Like companies across America, Roxey says his motivation for staging

the ballet is to draw more non-balletgoers to the art form. He knows

its popularity from first-hand experience.

Mark Roxey was featured as Count Dracula in Stuart Sebastian’s

"Dracula"

with American Repertory Ballet for several seasons. He has also

performed

Ben Stevenson’s version and one created by Michael Pick for the

Atlanta

Ballet.

Ben Stevenson created his "Dracula" ballet for the Houston

Ballet and Pittsburgh Ballet in 1997 where it has become a staple

October offering. The Pennsylvania Ballet, which first performed

Stevenson’s

"Dracula" in 2000, dances Stevenson’s version October 30 to

November 8 at the Academy of Music in Philadelphia.
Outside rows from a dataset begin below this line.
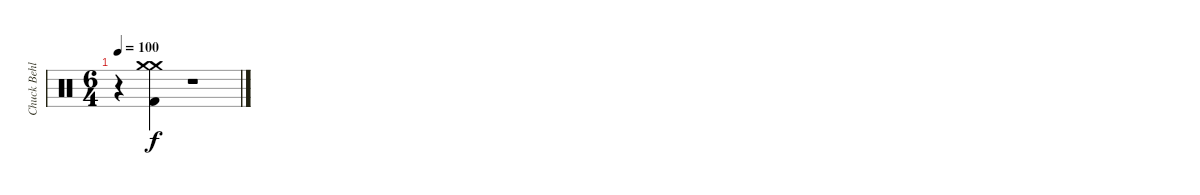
\track ("Chuck Behler" "Chuck Behl") {instrument percussion}
\staff {score}
\articulation defaults
\ts (6 4)
\tempo 100
\clef neutral
\ks c
r.4{dy f} ("Crash medium (hit)" "Crash medium (hit)" "Kick (hit) 2").4 r.1
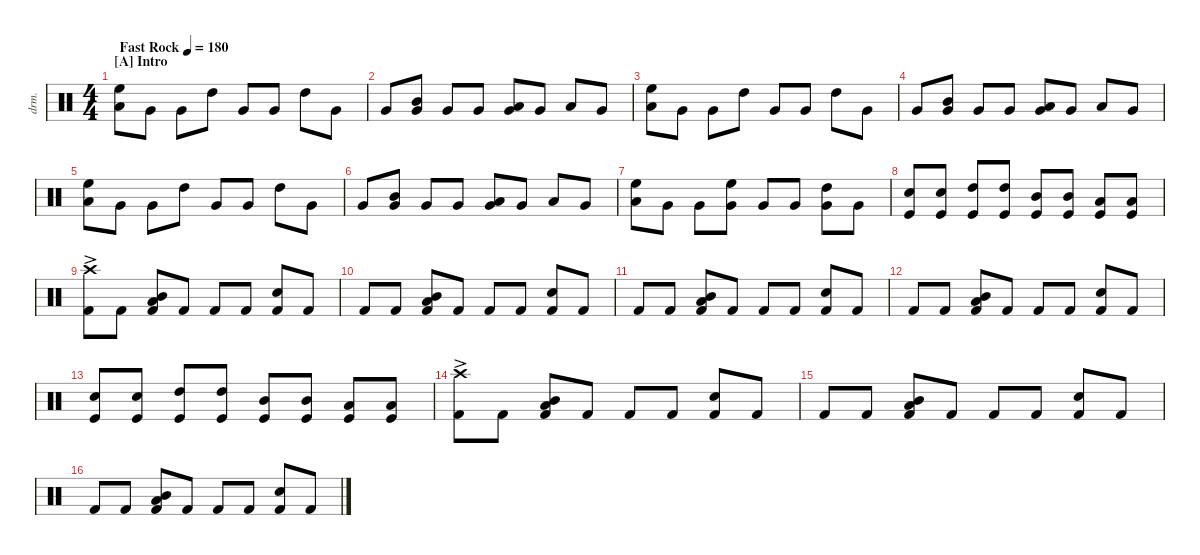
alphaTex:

\defaultSystemsLayout 4
\hideDynamics
\bracketExtendMode nobrackets
\otherSystemsTrackNameOrientation horizontal
\track ("Drum" "drm.") {instrument percussion}
\staff {score}
\articulation defaults
\ts (4 4)
\section ("A" "Intro")
\tempo (180 "Fast Rock")
\clef neutral
\ks c
("High Floor Tom (hit)" "Low Tom (hit)").8{dy f beam Down} "Very Low Tom (hit)".8{beam Down} "Very Low Tom (hit)".8{beam Down} "High Tom (hit)".8{beam Down} "Very Low Tom (hit)".8{beam Up} "Very Low Tom (hit)".8{beam Up} "High Tom (hit)".8{beam Down} "Very Low Tom (hit)".8{beam Down} |
"Very Low Tom (hit)".8{beam Up} ("Mid Tom (hit)" "Very Low Tom (hit)").8{beam Up} "Very Low Tom (hit)".8{beam Up} "Very Low Tom (hit)".8{beam Up} ("Low Tom (hit)" "Very Low Tom (hit)").8{beam Up} "Very Low Tom (hit)".8{beam Up} "Low Tom (hit)".8{beam Up} "Very Low Tom (hit)".8{beam Up} |
("High Floor Tom (hit)" "Low Tom (hit)").8{beam Down} "Very Low Tom (hit)".8{beam Down} "Very Low Tom (hit)".8{beam Down} "High Tom (hit)".8{beam Down} "Very Low Tom (hit)".8{beam Up} "Very Low Tom (hit)".8{beam Up} "High Tom (hit)".8{beam Down} "Very Low Tom (hit)".8{beam Down} |
"Very Low Tom (hit)".8{beam Up} ("Mid Tom (hit)" "Very Low Tom (hit)").8{beam Up} "Very Low Tom (hit)".8{beam Up} "Very Low Tom (hit)".8{beam Up} ("Low Tom (hit)" "Very Low Tom (hit)").8{beam Up} "Very Low Tom (hit)".8{beam Up} "Low Tom (hit)".8{beam Up} "Very Low Tom (hit)".8{beam Up} |
("High Floor Tom (hit)" "Low Tom (hit)").8{beam Down} "Very Low Tom (hit)".8{beam Down} "Very Low Tom (hit)".8{beam Down} "High Tom (hit)".8{beam Down} "Very Low Tom (hit)".8{beam Up} "Very Low Tom (hit)".8{beam Up} "High Tom (hit)".8{beam Down} "Very Low Tom (hit)".8{beam Down} |
"Very Low Tom (hit)".8{beam Up} ("Mid Tom (hit)" "Very Low Tom (hit)").8{beam Up} "Very Low Tom (hit)".8{beam Up} "Very Low Tom (hit)".8{beam Up} ("Low Tom (hit)" "Very Low Tom (hit)").8{beam Up} "Very Low Tom (hit)".8{beam Up} "Low Tom (hit)".8{beam Up} "Very Low Tom (hit)".8{beam Up} |
("High Floor Tom (hit)" "Low Tom (hit)").8{beam Down} "Very Low Tom (hit)".8{beam Down} "Very Low Tom (hit)".8{beam Down} ("High Floor Tom (hit)" "Very Low Tom (hit)").8{beam Down} "Very Low Tom (hit)".8{beam Up} "Very Low Tom (hit)".8{beam Up} ("High Tom (hit)" "Very Low Tom (hit)").8{beam Down} "Very Low Tom (hit)".8{beam Down} |
("Snare (hit) 2" "Kick (hit)").8{beam Up} ("Snare (hit) 2" "Kick (hit)").8{beam Up} ("High Tom (hit)" "Kick (hit)").8{beam Up} ("High Tom (hit)" "Kick (hit)").8{beam Up} ("Mid Tom (hit)" "Kick (hit)").8{beam Up} ("Mid Tom (hit)" "Kick (hit)").8{beam Up} ("Low Tom (hit)" "Kick (hit)").8{beam Up} ("Low Tom (hit)" "Kick (hit)").8{beam Up} |
("Kick (hit) 2"{ac} "Crash high (hit)"{ac}).8{beam Down} "Kick (hit) 2".8{beam Down} ("Kick (hit) 2" "Low Tom (hit)" "Mid Tom (hit)").8{beam Up} "Kick (hit) 2".8{beam Up} "Kick (hit) 2".8{beam Up} "Kick (hit) 2".8{beam Up} ("Kick (hit) 2" "Snare (hit) 2").8{beam Up} "Kick (hit) 2".8{beam Up} |
"Kick (hit) 2".8{beam Up} "Kick (hit) 2".8{beam Up} ("Kick (hit) 2" "Low Tom (hit)" "Mid Tom (hit)").8{beam Up} "Kick (hit) 2".8{beam Up} "Kick (hit) 2".8{beam Up} "Kick (hit) 2".8{beam Up} ("Kick (hit) 2" "Snare (hit) 2").8{beam Up} "Kick (hit) 2".8{beam Up} |
"Kick (hit) 2".8{beam Up} "Kick (hit) 2".8{beam Up} ("Kick (hit) 2" "Low Tom (hit)" "Mid Tom (hit)").8{beam Up} "Kick (hit) 2".8{beam Up} "Kick (hit) 2".8{beam Up} "Kick (hit) 2".8{beam Up} ("Kick (hit) 2" "Snare (hit) 2").8{beam Up} "Kick (hit) 2".8{beam Up} |
"Kick (hit) 2".8{beam Up} "Kick (hit) 2".8{beam Up} ("Kick (hit) 2" "Low Tom (hit)" "Mid Tom (hit)").8{beam Up} "Kick (hit) 2".8{beam Up} "Kick (hit) 2".8{beam Up} "Kick (hit) 2".8{beam Up} ("Kick (hit) 2" "Snare (hit) 2").8{beam Up} "Kick (hit) 2".8{beam Up} |
("Snare (hit) 2" "Kick (hit)").8{beam Up} ("Snare (hit) 2" "Kick (hit)").8{beam Up} ("High Tom (hit)" "Kick (hit)").8{beam Up} ("High Tom (hit)" "Kick (hit)").8{beam Up} ("Mid Tom (hit)" "Kick (hit)").8{beam Up} ("Mid Tom (hit)" "Kick (hit)").8{beam Up} ("Low Tom (hit)" "Kick (hit)").8{beam Up} ("Low Tom (hit)" "Kick (hit)").8{beam Up} |
("Kick (hit) 2"{ac} "Crash high (hit)"{ac}).8{beam Down} "Kick (hit) 2".8{beam Down} ("Kick (hit) 2" "Low Tom (hit)" "Mid Tom (hit)").8{beam Up} "Kick (hit) 2".8{beam Up} "Kick (hit) 2".8{beam Up} "Kick (hit) 2".8{beam Up} ("Kick (hit) 2" "Snare (hit) 2").8{beam Up} "Kick (hit) 2".8{beam Up} |
"Kick (hit) 2".8{beam Up} "Kick (hit) 2".8{beam Up} ("Kick (hit) 2" "Low Tom (hit)" "Mid Tom (hit)").8{beam Up} "Kick (hit) 2".8{beam Up} "Kick (hit) 2".8{beam Up} "Kick (hit) 2".8{beam Up} ("Kick (hit) 2" "Snare (hit) 2").8{beam Up} "Kick (hit) 2".8{beam Up} |
"Kick (hit) 2".8{beam Up} "Kick (hit) 2".8{beam Up} ("Kick (hit) 2" "Low Tom (hit)" "Mid Tom (hit)").8{beam Up} "Kick (hit) 2".8{beam Up} "Kick (hit) 2".8{beam Up} "Kick (hit) 2".8{beam Up} ("Kick (hit) 2" "Snare (hit) 2").8{beam Up} "Kick (hit) 2".8{beam Up}

Yet unlike codified, traditional ballets such as "The

Nutcracker,"

today’s "Draculas" are as various and individual as their

choreographers. Like Roxey, most choreographers create their own

scores

with scary sound effects and favorite fragments of evocative music.
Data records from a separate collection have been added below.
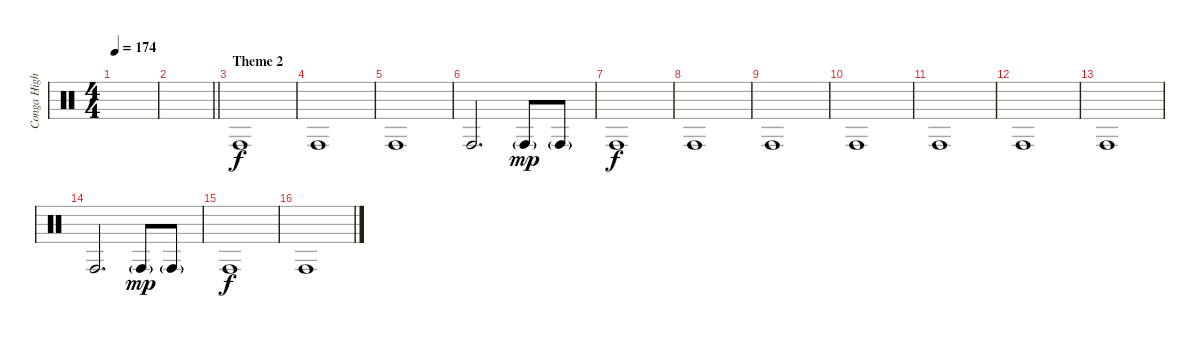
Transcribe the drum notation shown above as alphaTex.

\track ("Conga High" "Conga High") {instrument percussion}
\staff {score}
\articulation defaults
\ts (4 4)
\tempo 174
\clef neutral
\ks c
|
\barLineRight lightlight
|
\section ("" "Theme 2")
"Conga high (hit)".1 |
"Conga high (hit)".1 |
"Conga high (hit)".1 |
"Conga high (hit)".2{d} "Conga high (hit)"{g}.8{dy mp} "Conga high (hit)"{g}.8 |
"Conga high (hit)".1{dy f} |
"Conga high (hit)".1 |
"Conga high (hit)".1 |
"Conga high (hit)".1 |
"Conga high (hit)".1 |
"Conga high (hit)".1 |
"Conga high (hit)".1 |
"Conga high (hit)".2{d} "Conga high (hit)"{g}.8{dy mp} "Conga high (hit)"{g}.8 |
"Conga high (hit)".1{dy f} |
"Conga high (hit)".1
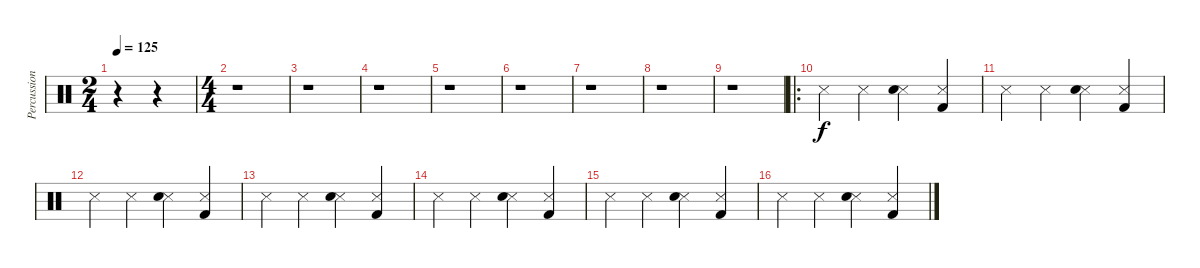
\track ("Percussion" "Percussion") {instrument percussion}
\staff {score}
\articulation defaults
\ts (2 4)
\tempo 125
\clef neutral
\ks c
r.4{dy f} r.4 |
\ts (4 4)
r.1 |
r.1 |
r.1 |
r.1 |
r.1 |
r.1 |
r.1 |
r.1 |
\ro "Snare (side stick) 3".4 "Snare (side stick) 3".4
("Snare (side stick) 3" "Electric Snare (hit)").4 ("Snare (side stick) 3" "Kick (hit) 2").4 |
"Snare (side stick) 3".4 "Snare (side stick) 3".4 ("Snare (side stick) 3" "Electric Snare (hit)").4 ("Snare (side stick) 3" "Kick (hit) 2").4 |
"Snare (side stick) 3".4 "Snare (side stick) 3".4 ("Snare (side stick) 3" "Electric Snare (hit)").4 ("Snare (side stick) 3" "Kick (hit) 2").4 |
"Snare (side stick) 3".4 "Snare (side stick) 3".4 ("Snare (side stick) 3" "Electric Snare (hit)").4 ("Snare (side stick) 3" "Kick (hit) 2").4 |
"Snare (side stick) 3".4 "Snare (side stick) 3".4 ("Snare (side stick) 3" "Electric Snare (hit)").4 ("Snare (side stick) 3" "Kick (hit) 2").4 |
"Snare (side stick) 3".4 "Snare (side stick) 3".4 ("Snare (side stick) 3" "Electric Snare (hit)").4 ("Snare (side stick) 3" "Kick (hit) 2").4 |
"Snare (side stick) 3".4 "Snare (side stick) 3".4 ("Snare (side stick) 3" "Electric Snare (hit)").4 ("Snare (side stick) 3" "Kick (hit) 2").4

Roxey found various kinds of music to match mood and action, from

Philip Glass to film scores, and also commissioned original music

that he like

Using the latest high-technology along with dance, the production

will feature an array of special effects, flying effects, sound

effects,

weather effects, video projection and animation. "The whole

production

is a very intense experience," he says. "It’s total theater

— definitely an unusual ballet experience."

— Nicole Plett

Dracula, Roxey Ballet, Villa Victoria Theater, Route

29, West Trenton, 609-397-7616. $26.50; $23.50 children, seniors,

and disabled. Friday and Saturday, October 24 and 25, 7 p.m.